- _RECORDS FOR PROCESSING_:
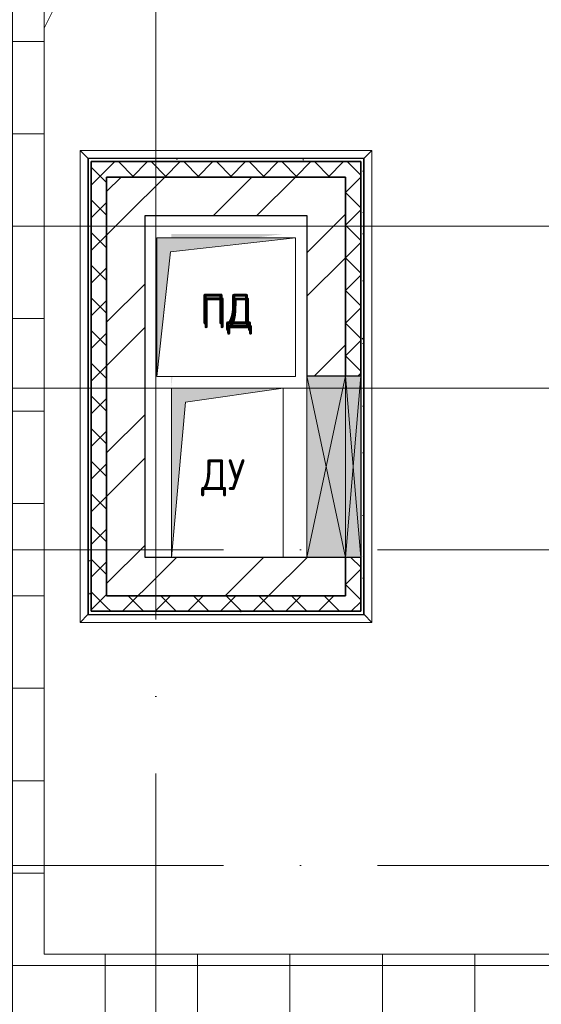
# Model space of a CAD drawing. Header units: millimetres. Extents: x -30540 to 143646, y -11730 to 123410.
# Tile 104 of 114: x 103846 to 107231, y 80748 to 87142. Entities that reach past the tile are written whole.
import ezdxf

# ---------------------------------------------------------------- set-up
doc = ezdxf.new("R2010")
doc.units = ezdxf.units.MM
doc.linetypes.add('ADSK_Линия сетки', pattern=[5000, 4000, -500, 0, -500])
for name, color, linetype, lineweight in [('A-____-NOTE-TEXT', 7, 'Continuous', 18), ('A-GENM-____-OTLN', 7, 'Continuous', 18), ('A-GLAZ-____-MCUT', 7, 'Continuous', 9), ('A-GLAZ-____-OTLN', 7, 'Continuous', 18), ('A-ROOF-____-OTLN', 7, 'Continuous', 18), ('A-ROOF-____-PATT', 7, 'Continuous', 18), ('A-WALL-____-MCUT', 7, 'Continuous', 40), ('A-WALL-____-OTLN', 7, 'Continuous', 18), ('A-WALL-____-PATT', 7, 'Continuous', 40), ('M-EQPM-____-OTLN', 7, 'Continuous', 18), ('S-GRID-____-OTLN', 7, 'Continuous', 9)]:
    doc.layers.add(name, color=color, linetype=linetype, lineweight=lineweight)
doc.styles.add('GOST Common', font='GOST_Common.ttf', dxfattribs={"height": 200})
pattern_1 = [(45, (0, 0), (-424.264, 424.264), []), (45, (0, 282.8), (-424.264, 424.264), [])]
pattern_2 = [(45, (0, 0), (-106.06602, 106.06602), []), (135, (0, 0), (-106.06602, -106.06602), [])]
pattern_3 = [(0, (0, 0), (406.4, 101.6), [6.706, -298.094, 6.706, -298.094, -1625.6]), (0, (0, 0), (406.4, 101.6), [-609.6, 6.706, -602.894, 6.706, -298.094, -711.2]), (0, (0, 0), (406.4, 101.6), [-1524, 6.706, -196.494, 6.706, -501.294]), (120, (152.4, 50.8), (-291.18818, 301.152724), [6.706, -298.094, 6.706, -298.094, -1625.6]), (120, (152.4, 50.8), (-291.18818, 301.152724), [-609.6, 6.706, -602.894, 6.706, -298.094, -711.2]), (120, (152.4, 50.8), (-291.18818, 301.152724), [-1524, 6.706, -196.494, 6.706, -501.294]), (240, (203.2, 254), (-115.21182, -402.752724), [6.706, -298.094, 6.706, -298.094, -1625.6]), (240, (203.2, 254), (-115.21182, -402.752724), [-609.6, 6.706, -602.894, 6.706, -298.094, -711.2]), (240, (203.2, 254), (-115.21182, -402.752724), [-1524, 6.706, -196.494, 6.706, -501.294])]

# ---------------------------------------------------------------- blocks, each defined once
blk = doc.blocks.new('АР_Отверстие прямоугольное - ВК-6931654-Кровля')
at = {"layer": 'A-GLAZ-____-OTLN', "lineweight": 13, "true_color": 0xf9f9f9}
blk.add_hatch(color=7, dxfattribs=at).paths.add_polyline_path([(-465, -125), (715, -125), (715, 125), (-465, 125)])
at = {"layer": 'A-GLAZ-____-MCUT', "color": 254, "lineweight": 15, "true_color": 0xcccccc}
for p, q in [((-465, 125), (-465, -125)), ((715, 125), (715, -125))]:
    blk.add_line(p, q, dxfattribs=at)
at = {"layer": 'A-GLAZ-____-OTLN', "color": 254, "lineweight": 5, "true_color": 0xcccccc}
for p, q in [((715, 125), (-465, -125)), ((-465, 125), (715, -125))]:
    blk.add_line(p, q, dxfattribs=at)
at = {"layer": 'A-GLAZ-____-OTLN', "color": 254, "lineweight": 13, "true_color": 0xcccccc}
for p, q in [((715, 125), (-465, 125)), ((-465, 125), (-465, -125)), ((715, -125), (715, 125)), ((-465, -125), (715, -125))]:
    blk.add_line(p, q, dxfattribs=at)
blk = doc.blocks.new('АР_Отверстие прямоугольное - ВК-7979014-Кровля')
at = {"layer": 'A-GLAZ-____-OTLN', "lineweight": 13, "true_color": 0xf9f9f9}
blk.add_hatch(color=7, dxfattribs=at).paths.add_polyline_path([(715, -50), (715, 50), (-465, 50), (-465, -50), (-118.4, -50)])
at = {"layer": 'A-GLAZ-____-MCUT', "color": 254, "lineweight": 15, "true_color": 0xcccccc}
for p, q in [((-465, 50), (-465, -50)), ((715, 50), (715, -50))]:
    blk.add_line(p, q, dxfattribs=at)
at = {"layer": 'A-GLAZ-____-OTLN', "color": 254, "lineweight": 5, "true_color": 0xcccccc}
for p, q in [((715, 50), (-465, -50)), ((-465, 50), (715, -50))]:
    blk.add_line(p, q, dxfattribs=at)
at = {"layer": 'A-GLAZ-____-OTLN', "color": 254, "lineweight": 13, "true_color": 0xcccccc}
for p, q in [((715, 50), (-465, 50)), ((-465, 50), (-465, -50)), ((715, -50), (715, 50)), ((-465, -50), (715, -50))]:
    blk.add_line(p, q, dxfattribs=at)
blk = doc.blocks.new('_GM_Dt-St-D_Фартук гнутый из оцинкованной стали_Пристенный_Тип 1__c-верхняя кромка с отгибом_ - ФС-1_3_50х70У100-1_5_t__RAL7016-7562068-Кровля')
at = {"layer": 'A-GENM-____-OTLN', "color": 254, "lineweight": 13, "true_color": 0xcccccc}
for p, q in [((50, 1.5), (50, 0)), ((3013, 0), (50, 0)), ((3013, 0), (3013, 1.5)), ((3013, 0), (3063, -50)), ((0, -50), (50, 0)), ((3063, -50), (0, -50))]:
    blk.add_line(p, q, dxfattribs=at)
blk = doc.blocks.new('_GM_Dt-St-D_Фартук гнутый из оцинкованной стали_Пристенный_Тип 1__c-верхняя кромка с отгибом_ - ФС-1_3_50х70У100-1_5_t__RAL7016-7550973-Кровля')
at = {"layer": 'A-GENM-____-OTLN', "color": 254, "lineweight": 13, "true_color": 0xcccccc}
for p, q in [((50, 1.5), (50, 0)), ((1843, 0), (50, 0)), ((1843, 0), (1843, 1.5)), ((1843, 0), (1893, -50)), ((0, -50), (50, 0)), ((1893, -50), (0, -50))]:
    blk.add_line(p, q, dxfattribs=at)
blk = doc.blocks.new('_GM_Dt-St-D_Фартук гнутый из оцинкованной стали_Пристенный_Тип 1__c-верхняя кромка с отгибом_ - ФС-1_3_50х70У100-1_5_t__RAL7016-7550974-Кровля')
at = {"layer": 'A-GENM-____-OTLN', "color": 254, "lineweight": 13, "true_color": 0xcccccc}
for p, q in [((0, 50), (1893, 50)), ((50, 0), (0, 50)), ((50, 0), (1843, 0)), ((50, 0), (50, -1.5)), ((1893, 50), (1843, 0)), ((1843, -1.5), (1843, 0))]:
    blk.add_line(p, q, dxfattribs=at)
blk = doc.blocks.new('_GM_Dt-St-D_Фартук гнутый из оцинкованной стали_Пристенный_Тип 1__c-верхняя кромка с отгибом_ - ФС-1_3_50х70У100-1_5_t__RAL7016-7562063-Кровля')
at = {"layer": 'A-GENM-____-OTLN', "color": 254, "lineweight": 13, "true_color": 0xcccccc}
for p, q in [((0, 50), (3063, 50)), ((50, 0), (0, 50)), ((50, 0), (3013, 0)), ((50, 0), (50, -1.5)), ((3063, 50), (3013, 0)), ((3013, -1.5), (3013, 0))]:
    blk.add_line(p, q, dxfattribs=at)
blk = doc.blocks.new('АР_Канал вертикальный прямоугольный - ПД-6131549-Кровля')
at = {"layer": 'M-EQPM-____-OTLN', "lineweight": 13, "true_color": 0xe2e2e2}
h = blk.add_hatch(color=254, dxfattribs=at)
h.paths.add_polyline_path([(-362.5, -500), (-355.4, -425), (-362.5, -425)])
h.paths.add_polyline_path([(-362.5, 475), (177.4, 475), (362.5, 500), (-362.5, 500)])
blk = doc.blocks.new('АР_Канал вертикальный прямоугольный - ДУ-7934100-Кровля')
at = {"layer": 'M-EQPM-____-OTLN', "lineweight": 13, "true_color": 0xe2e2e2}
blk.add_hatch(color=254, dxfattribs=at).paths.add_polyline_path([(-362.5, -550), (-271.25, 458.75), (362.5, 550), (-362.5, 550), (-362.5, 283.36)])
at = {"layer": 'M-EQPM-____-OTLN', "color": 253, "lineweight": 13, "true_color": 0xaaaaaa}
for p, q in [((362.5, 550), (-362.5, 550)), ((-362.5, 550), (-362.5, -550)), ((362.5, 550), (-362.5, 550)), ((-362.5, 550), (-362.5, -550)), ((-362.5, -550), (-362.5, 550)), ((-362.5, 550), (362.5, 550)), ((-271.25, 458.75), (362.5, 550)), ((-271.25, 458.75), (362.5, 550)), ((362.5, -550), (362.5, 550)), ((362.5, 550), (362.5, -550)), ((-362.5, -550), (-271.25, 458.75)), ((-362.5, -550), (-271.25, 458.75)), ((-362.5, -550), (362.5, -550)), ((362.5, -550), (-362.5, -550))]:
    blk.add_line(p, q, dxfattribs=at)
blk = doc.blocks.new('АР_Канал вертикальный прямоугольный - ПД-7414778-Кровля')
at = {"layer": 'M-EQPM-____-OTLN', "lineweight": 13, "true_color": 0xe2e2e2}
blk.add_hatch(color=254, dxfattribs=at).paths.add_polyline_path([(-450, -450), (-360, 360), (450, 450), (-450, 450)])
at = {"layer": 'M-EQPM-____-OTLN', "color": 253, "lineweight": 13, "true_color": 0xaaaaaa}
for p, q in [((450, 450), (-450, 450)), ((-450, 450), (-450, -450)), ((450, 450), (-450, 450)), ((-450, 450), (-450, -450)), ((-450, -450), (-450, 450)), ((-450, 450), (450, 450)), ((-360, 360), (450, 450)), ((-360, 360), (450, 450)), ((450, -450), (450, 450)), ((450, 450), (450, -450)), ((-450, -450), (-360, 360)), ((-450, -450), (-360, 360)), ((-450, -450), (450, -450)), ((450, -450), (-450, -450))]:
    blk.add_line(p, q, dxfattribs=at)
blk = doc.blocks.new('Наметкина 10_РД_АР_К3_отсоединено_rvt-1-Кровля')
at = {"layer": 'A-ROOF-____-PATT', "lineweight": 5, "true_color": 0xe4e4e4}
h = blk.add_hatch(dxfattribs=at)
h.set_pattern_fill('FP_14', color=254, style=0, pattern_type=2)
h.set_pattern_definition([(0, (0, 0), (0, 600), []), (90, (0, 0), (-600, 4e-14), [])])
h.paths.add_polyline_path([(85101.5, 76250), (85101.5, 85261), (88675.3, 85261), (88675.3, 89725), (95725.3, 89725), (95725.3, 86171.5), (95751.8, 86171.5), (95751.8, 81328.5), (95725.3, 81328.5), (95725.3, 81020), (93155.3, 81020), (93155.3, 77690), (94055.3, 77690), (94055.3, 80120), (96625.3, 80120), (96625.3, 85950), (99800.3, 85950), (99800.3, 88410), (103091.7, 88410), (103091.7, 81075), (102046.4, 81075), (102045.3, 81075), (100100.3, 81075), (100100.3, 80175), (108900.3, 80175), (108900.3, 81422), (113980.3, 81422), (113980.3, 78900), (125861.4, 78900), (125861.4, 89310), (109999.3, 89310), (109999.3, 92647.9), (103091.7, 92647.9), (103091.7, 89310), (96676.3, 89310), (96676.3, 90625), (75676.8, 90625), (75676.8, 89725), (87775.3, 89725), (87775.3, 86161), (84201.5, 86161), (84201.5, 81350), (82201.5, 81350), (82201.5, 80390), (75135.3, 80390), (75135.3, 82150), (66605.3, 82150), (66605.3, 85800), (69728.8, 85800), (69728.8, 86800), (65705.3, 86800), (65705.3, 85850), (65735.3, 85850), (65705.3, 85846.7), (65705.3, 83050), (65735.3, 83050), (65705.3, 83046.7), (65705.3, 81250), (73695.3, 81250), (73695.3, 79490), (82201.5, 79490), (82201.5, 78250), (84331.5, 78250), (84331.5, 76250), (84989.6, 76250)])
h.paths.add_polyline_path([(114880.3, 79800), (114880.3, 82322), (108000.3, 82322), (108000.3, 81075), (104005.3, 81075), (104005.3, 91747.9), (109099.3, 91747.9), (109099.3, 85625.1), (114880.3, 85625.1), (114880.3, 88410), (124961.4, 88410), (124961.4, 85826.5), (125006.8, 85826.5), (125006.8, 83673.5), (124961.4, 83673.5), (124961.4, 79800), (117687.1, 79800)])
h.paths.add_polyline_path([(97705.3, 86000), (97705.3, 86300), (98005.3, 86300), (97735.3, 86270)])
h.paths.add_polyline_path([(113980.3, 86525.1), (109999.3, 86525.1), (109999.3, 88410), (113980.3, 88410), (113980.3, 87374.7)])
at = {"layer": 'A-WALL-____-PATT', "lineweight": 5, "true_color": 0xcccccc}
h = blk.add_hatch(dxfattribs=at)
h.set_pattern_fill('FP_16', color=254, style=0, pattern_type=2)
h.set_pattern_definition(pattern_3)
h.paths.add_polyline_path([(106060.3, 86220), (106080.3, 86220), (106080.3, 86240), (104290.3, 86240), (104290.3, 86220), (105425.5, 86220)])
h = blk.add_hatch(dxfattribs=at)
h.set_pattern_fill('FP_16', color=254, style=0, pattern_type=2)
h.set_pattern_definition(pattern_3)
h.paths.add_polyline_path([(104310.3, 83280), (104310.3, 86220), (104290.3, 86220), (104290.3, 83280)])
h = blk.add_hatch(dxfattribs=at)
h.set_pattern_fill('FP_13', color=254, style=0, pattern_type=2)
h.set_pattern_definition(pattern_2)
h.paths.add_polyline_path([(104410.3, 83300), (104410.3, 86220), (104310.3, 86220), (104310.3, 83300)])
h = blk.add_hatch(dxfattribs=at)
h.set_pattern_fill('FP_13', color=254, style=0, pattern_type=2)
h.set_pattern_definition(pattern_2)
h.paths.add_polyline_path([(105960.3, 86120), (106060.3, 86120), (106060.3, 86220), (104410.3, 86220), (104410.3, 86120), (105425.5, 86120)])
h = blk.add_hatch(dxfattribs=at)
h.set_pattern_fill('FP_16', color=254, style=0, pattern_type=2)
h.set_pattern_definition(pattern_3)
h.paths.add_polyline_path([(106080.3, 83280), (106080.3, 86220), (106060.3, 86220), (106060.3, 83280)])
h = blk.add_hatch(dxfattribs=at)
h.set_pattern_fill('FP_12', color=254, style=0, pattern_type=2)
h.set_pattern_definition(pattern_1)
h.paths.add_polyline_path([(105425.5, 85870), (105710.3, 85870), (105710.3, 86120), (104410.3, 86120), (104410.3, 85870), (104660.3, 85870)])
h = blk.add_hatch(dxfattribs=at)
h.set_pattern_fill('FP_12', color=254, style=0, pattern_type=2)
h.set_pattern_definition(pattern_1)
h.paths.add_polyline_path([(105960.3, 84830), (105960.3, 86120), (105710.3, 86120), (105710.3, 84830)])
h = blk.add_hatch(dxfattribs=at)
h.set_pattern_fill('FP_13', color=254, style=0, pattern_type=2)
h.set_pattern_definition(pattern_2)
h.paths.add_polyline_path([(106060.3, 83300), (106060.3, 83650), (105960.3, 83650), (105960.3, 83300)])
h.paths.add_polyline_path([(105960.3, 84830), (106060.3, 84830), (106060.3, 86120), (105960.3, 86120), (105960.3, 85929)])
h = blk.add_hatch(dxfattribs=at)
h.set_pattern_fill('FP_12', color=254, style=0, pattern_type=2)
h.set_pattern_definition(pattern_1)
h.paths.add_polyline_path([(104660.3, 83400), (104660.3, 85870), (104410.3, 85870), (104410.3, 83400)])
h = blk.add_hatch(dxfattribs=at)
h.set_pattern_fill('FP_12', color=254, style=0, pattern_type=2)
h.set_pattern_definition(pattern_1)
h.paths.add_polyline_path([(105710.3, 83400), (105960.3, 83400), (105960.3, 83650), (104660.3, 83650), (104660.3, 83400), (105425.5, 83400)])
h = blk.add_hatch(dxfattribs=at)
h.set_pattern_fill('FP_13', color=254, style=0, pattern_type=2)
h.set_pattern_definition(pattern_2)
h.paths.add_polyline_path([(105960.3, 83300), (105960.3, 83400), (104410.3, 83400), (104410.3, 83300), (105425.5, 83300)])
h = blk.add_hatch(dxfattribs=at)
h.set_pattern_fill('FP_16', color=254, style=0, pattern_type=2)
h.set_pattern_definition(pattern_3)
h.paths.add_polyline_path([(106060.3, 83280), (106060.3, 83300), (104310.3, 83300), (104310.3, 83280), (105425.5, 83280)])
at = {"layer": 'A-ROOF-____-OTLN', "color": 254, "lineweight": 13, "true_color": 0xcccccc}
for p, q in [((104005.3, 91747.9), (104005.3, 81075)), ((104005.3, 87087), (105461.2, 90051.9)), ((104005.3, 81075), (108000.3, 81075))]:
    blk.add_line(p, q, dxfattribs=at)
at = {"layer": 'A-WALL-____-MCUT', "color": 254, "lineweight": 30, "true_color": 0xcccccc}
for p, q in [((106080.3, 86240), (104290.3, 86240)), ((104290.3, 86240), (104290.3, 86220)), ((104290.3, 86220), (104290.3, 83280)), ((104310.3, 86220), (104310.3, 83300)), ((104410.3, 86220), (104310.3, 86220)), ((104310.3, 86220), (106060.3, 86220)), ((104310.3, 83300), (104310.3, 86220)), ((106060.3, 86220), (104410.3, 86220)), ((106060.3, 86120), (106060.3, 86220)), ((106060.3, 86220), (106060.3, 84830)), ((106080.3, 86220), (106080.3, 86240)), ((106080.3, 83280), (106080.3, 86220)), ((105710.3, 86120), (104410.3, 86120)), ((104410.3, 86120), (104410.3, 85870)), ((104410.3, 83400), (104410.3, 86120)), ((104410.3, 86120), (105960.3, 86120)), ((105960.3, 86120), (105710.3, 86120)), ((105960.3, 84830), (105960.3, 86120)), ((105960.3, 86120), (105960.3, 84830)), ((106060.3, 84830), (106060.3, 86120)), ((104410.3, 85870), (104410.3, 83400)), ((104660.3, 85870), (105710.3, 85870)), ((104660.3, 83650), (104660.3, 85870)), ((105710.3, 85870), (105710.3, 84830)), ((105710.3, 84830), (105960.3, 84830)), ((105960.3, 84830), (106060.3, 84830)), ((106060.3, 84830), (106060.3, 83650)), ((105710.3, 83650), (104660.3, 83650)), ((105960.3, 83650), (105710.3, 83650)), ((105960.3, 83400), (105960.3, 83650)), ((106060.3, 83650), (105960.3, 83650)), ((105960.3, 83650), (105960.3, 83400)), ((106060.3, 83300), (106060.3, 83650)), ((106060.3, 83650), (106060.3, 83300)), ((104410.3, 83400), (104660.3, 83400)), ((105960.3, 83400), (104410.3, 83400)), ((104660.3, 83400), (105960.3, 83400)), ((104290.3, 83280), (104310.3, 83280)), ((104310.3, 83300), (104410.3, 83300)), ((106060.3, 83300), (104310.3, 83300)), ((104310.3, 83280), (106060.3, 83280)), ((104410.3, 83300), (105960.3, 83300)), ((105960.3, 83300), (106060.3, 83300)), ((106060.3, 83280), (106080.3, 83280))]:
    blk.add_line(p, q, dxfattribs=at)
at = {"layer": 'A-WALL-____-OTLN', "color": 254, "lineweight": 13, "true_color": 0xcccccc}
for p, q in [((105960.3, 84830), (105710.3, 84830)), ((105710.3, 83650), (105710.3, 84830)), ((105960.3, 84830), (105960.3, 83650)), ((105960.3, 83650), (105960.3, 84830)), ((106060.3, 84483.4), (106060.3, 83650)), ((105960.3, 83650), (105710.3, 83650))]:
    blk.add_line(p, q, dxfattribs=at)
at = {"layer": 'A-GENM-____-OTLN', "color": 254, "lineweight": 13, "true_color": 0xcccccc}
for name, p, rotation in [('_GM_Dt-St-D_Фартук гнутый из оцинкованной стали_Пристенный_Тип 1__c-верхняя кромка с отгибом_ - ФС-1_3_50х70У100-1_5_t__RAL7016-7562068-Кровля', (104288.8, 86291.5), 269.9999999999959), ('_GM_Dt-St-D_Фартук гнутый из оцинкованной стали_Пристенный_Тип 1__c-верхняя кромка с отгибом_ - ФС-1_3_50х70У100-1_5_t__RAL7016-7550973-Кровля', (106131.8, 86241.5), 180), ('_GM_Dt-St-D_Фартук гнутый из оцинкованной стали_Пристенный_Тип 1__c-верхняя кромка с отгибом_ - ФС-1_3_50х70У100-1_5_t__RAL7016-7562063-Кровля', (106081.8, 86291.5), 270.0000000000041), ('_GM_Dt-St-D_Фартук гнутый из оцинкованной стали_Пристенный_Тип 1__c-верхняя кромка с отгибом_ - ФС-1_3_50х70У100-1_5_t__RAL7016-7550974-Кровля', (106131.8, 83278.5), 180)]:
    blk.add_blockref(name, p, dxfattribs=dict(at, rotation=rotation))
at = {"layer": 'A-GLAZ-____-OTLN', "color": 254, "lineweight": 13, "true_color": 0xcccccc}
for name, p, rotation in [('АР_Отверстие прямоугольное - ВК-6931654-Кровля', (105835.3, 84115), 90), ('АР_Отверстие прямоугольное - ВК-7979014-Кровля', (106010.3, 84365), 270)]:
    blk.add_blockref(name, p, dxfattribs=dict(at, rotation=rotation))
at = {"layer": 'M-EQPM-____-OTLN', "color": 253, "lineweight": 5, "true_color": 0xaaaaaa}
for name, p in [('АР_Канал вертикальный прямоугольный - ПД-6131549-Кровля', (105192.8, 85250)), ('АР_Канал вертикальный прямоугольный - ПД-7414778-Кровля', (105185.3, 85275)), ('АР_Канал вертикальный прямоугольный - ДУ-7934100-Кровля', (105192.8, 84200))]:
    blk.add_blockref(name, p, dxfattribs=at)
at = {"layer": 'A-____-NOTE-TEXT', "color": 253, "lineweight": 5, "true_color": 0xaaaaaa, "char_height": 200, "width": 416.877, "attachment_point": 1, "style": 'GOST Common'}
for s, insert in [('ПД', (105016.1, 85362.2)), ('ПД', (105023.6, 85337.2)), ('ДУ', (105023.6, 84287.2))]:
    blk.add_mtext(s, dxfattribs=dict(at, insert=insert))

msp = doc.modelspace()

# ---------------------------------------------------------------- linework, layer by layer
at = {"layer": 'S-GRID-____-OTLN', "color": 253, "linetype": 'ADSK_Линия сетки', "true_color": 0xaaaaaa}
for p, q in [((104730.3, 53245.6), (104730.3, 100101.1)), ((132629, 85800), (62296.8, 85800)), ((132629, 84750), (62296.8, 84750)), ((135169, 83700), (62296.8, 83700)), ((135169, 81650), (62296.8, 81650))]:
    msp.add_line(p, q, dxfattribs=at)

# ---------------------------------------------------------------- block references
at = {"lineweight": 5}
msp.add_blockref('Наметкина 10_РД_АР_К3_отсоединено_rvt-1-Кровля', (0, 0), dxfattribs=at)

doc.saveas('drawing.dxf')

- _DIRECTIONS_: Up to and including the line that contains "-500, 0, -500])", print the records above exactly from their first line, without any pictures.

- _SOLUTION FOR THIS PROBLEM_:
# Model space of a CAD drawing. Header units: millimetres. Extents: x -30540 to 143646, y -11730 to 123410.
# Tile 104 of 114: x 103846 to 107231, y 80748 to 87142. Entities that reach past the tile are written whole.
import ezdxf

# ---------------------------------------------------------------- set-up
doc = ezdxf.new("R2010")
doc.units = ezdxf.units.MM
doc.linetypes.add('ADSK_Линия сетки', pattern=[5000, 4000, -500, 0, -500])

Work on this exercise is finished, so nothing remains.